EXERCISE DESCRIPTION: From the listing below, copy each line that contains the word "track".

== == ==

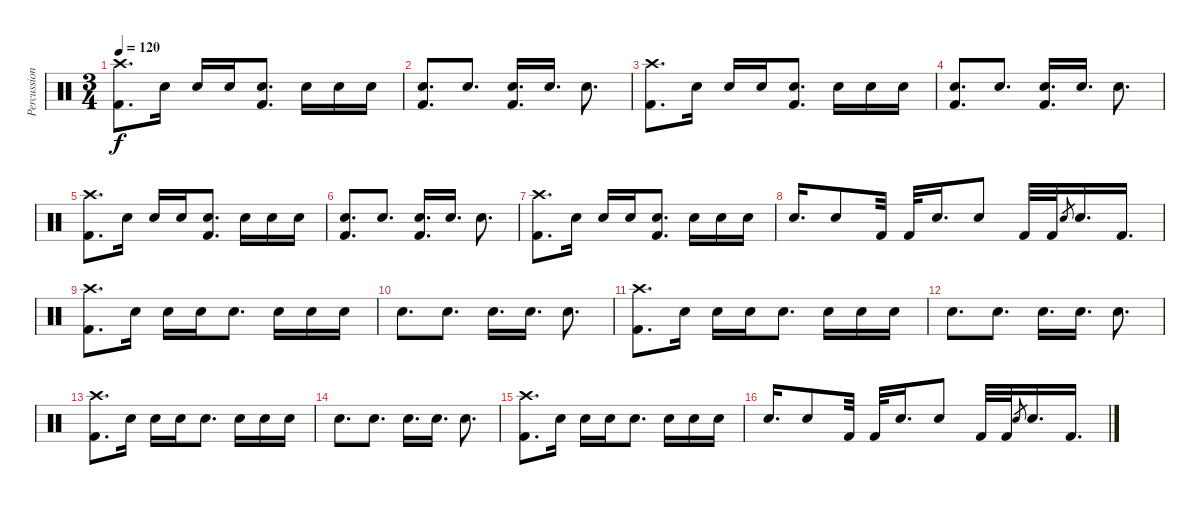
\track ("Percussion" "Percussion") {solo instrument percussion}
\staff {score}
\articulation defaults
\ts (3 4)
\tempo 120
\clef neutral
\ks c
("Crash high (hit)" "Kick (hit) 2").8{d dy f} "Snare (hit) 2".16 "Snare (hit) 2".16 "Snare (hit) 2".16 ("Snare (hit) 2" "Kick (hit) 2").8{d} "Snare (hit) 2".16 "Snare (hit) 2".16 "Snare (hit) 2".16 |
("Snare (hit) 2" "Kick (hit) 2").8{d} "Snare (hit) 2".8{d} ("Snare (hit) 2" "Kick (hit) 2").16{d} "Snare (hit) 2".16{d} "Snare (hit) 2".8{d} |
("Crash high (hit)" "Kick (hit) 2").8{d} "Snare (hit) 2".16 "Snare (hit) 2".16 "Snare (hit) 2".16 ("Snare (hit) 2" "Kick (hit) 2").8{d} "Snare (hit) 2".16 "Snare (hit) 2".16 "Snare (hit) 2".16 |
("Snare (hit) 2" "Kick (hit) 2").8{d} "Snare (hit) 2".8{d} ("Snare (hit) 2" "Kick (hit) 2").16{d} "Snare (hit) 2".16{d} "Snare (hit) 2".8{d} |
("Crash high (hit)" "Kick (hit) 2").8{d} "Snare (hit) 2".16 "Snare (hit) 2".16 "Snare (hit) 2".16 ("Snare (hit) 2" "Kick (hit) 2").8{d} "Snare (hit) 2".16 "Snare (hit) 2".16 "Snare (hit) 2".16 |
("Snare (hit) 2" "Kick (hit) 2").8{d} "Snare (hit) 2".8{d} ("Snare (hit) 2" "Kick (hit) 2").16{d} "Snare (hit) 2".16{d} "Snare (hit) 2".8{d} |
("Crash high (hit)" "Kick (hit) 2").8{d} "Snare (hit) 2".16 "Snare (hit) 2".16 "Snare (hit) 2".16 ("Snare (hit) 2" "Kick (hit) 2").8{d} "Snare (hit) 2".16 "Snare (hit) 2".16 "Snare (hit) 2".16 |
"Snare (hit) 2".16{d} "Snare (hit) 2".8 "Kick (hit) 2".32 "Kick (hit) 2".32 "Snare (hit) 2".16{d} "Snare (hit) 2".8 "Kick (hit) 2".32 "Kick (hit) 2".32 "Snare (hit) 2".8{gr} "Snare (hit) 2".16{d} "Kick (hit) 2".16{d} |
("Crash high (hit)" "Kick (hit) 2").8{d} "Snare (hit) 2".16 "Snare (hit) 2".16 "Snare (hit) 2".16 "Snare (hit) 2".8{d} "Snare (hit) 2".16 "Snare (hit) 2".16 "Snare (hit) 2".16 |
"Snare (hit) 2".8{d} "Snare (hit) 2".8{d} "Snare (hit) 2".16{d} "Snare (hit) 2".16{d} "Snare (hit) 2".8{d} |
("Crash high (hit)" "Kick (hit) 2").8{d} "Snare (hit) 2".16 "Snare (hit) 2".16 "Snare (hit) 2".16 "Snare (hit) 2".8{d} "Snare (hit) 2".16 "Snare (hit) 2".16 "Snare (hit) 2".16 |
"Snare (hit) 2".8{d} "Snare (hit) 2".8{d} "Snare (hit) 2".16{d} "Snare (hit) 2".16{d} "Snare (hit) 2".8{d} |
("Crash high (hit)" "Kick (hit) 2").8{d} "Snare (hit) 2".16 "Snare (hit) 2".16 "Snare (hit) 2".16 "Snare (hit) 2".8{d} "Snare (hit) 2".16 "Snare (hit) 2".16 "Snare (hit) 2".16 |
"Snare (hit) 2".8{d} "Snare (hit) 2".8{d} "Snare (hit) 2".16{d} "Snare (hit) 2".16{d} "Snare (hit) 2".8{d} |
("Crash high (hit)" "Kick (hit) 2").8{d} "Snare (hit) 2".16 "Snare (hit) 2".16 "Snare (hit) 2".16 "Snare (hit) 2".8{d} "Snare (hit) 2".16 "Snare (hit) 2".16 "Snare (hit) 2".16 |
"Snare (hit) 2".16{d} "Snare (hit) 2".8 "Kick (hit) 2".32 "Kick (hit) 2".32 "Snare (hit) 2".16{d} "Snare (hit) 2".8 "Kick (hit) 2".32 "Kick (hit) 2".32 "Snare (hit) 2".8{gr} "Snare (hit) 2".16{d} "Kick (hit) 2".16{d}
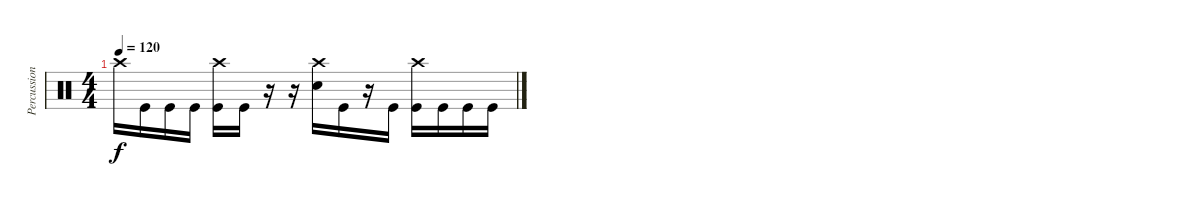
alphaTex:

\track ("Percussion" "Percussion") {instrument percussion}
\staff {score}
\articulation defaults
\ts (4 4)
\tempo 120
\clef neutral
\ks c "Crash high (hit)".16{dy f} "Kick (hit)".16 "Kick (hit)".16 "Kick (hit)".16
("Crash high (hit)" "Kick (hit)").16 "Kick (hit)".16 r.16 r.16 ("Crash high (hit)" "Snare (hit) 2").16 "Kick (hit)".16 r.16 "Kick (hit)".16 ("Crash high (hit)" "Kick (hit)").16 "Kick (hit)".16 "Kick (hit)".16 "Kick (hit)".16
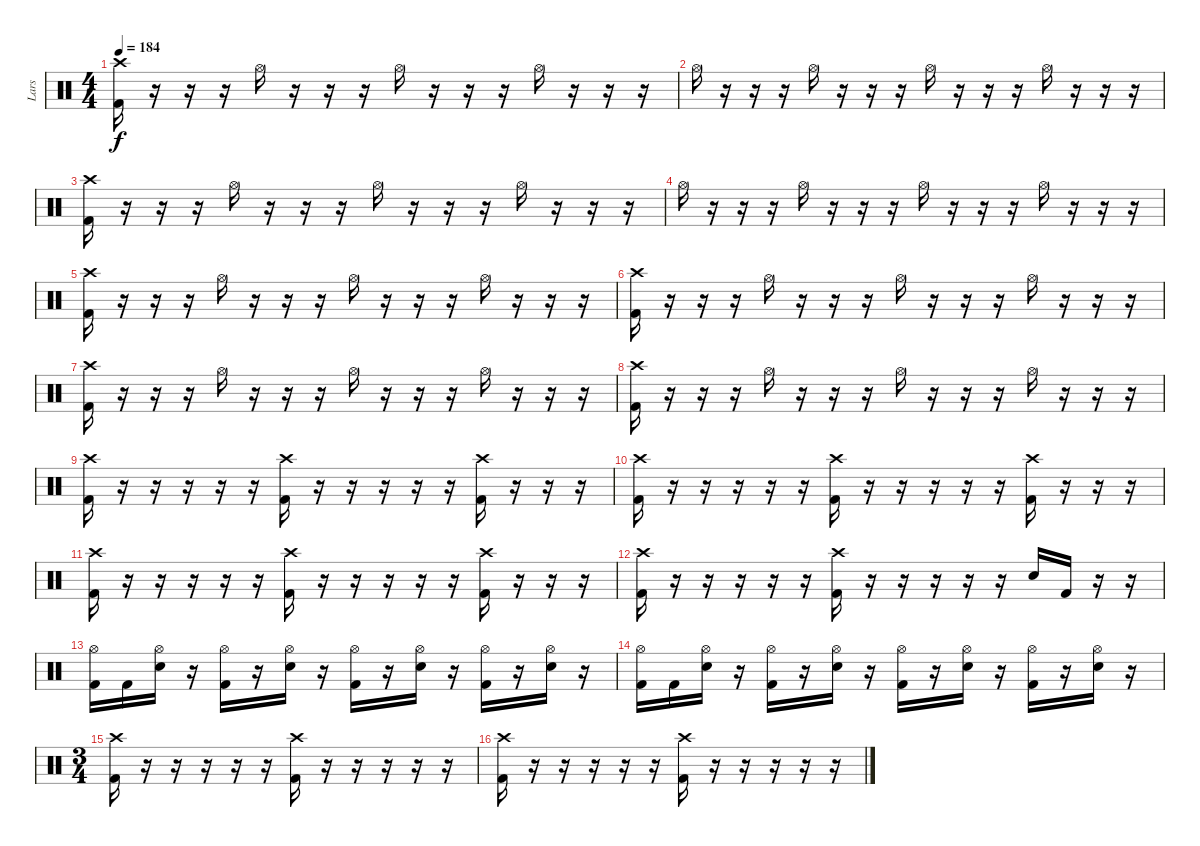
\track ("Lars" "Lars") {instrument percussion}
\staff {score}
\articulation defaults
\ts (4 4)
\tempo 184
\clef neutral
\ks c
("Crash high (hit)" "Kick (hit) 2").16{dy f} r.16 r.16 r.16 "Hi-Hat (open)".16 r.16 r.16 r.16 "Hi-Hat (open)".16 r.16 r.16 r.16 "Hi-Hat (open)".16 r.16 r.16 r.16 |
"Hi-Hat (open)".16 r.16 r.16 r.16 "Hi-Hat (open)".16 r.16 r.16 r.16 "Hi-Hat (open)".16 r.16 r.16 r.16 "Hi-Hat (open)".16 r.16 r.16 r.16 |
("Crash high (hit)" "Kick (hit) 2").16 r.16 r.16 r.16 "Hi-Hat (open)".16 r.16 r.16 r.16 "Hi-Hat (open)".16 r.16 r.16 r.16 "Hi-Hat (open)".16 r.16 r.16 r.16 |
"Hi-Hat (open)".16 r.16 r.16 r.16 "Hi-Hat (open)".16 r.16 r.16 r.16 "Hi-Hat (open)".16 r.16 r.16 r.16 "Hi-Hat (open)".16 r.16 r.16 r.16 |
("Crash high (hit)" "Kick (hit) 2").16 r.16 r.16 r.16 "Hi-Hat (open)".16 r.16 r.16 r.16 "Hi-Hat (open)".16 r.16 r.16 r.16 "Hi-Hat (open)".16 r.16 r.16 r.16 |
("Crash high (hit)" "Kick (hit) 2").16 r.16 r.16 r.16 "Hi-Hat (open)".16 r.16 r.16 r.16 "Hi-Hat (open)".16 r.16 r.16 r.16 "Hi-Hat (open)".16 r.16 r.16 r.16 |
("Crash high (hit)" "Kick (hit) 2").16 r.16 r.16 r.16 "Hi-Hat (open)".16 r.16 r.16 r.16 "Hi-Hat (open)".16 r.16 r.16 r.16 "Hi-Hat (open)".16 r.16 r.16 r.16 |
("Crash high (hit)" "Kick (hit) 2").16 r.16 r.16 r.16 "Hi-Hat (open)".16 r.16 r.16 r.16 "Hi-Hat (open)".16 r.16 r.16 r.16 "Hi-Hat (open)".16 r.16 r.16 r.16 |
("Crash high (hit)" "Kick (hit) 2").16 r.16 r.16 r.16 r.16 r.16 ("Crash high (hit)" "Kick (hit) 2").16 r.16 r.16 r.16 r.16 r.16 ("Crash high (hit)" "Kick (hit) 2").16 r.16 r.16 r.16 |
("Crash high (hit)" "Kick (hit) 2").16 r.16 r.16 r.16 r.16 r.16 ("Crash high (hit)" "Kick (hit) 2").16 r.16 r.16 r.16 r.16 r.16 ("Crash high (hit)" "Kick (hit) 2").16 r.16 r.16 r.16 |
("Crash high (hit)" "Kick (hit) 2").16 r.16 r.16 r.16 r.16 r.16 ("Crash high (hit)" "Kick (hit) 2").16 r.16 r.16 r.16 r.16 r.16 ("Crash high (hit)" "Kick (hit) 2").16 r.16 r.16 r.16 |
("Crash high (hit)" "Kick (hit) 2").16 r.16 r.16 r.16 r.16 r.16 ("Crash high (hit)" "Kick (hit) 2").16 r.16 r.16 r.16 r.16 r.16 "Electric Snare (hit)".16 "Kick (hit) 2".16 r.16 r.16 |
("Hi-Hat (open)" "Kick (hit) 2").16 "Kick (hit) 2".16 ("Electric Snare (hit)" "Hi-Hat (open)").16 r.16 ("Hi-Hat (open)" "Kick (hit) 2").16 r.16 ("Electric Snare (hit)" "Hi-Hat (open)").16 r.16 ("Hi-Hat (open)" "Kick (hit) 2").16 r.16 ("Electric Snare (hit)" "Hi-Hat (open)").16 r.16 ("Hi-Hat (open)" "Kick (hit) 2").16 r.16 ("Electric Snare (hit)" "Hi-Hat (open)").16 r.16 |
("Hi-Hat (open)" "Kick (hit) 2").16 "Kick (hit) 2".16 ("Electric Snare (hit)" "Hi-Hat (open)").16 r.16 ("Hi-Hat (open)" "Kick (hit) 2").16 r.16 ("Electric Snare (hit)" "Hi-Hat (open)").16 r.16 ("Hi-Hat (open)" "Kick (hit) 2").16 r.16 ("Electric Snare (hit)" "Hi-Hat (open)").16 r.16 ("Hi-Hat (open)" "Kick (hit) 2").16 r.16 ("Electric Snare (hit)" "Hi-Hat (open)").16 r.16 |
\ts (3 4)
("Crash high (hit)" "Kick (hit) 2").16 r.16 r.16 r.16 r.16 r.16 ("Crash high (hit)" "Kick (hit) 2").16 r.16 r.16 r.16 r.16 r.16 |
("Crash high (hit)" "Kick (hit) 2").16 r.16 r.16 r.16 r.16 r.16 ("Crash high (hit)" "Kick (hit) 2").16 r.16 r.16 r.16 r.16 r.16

== == ==

TASK SOLUTION:
\track ("Percussion" "Percussion") {solo instrument percussion}
\track ("Percussion" "Percussion") {instrument percussion}
\track ("Lars" "Lars") {instrument percussion}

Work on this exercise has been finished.